Instructions to follow:
Which lines below contain the word "object"? Copy each one.

Stored data:
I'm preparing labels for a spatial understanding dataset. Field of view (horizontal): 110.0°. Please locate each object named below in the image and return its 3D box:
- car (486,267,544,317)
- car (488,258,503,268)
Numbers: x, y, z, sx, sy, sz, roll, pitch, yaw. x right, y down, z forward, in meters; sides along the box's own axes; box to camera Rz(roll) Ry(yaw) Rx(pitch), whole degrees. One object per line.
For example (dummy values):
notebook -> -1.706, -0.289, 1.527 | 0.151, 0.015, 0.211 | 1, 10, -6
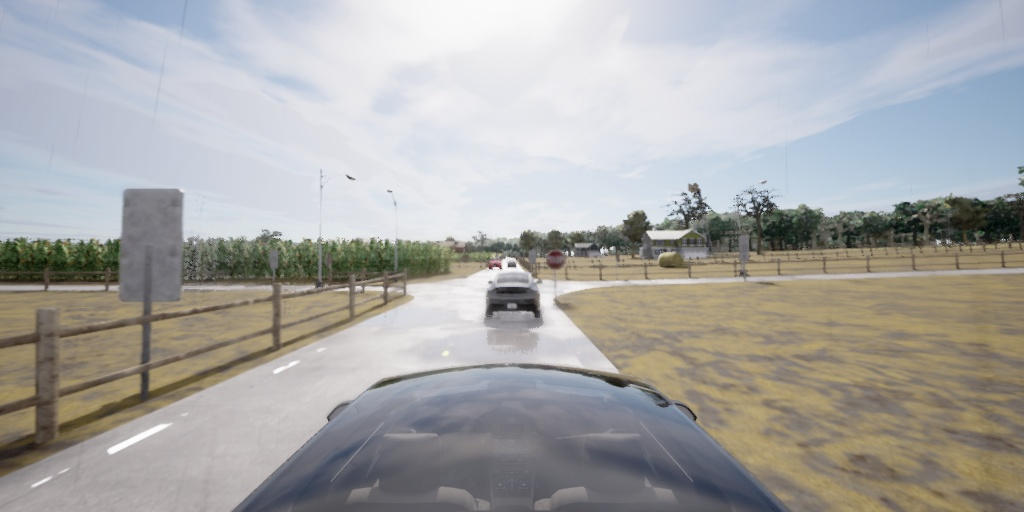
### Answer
car -> 0.110, 1.326, 13.521 | 1.837, 1.490, 4.892 | 0, 0, 3
car -> -2.798, 1.301, 61.849 | 2.150, 2.045, 5.566 | 0, 0, 1

Finished task:
I'm preparing labels for a spatial understanding dataset. Field of view (horizontal): 110.0°. Please locate each object named below in the image and return its 3D box:
Numbers: x, y, z, sx, sy, sz, roll, pitch, yaw. x right, y down, z forward, in meters; sides along the box's own axes; box to camera Rz(roll) Ry(yaw) Rx(pitch), whole degrees. One object per line.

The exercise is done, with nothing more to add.